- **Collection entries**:

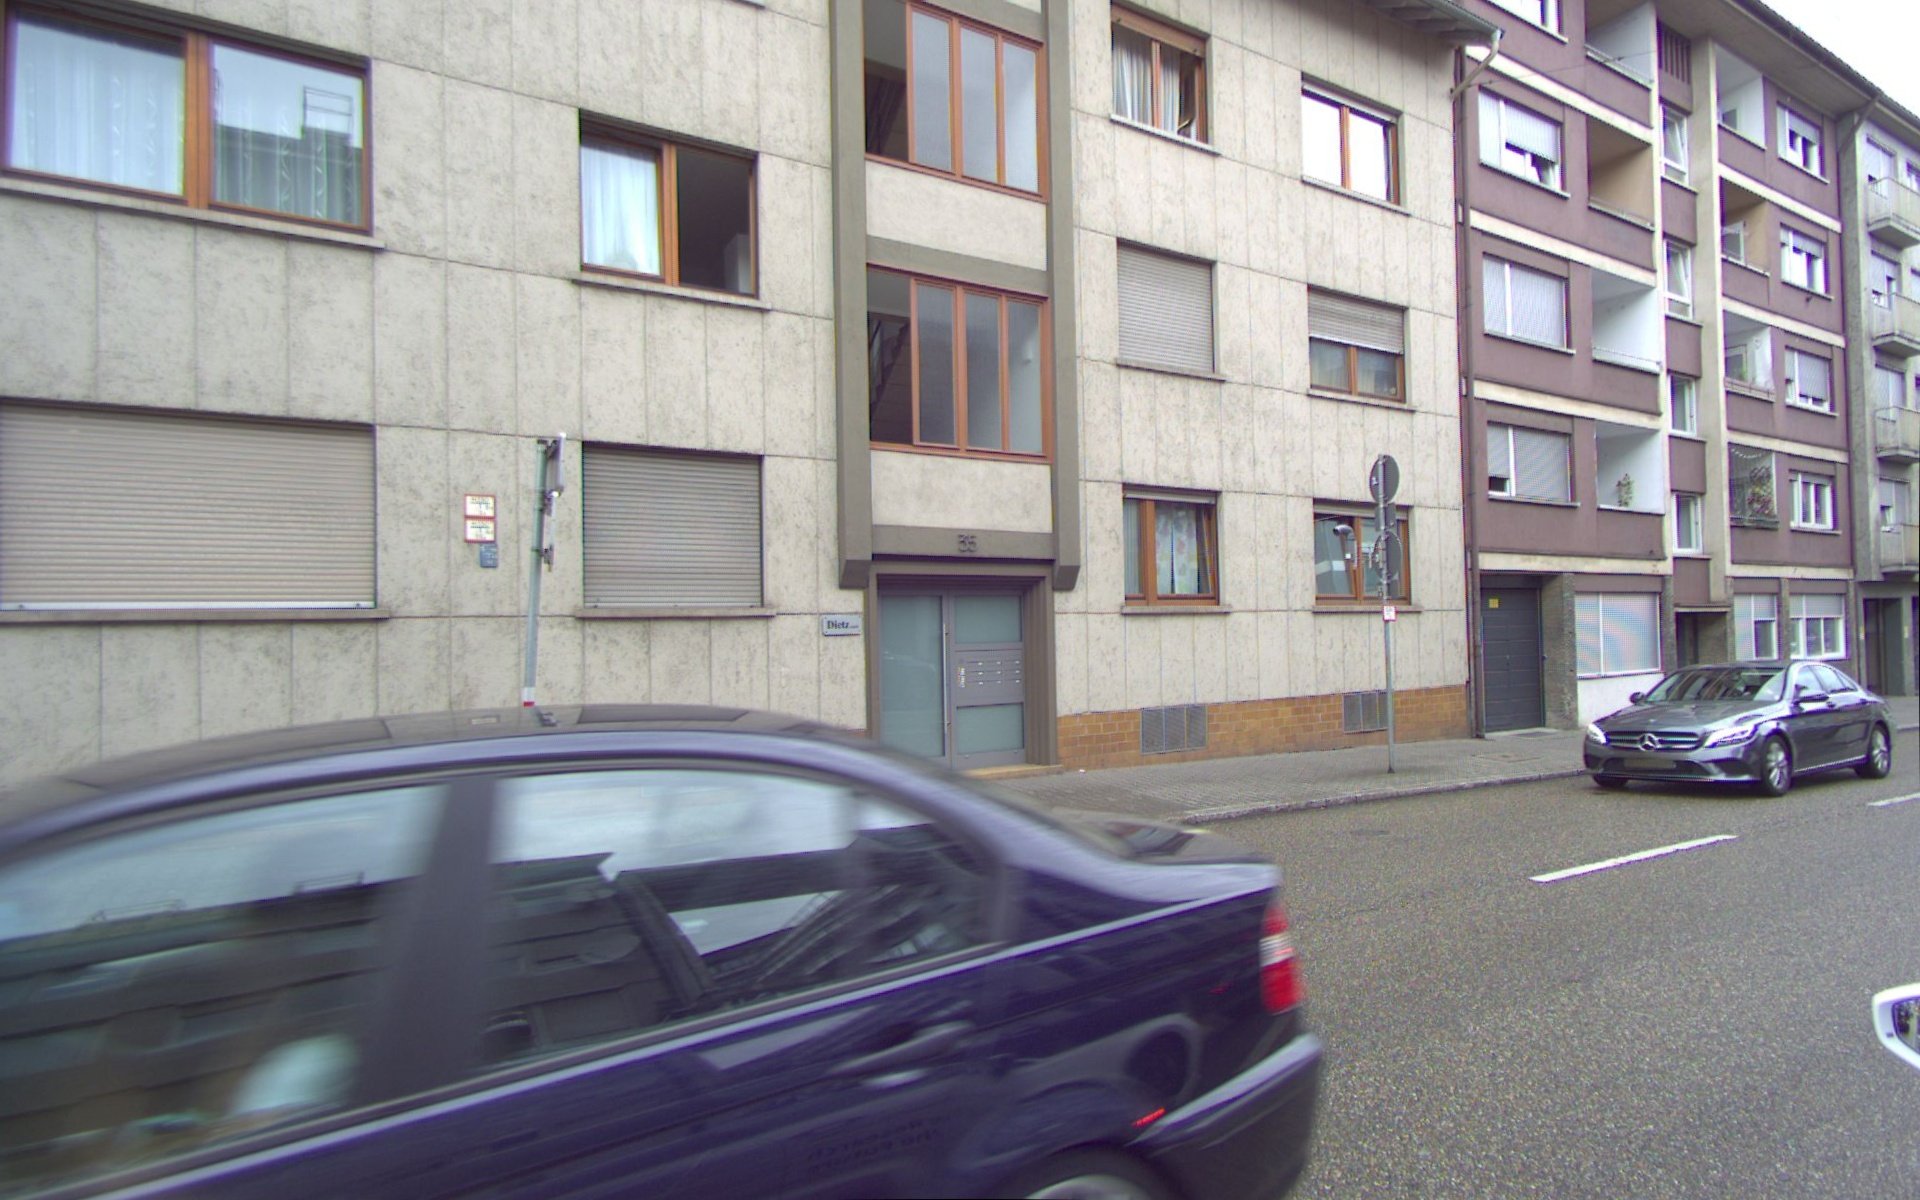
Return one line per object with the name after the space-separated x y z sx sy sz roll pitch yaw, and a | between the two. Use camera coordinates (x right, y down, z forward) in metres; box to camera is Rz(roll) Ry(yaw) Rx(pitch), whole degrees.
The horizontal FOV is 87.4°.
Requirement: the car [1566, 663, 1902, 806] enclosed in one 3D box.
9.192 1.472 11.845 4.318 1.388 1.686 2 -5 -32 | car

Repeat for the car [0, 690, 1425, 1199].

- **Work instruction**: From the first line to the last, repeat the records above exactly, leaving out the pictures.

- **Exercise solution**:
Return one line per object with the name after the space-separated x y z sx sy sz roll pitch yaw, and a | between the two. Use camera coordinates (x right, y down, z forward) in metres; box to camera is Rz(roll) Ry(yaw) Rx(pitch), whole degrees.
The horizontal FOV is 87.4°.
Requirement: the car [1566, 663, 1902, 806] enclosed in one 3D box.
9.192 1.472 11.845 4.318 1.388 1.686 2 -5 -32 | car

Repeat for the car [0, 690, 1425, 1199].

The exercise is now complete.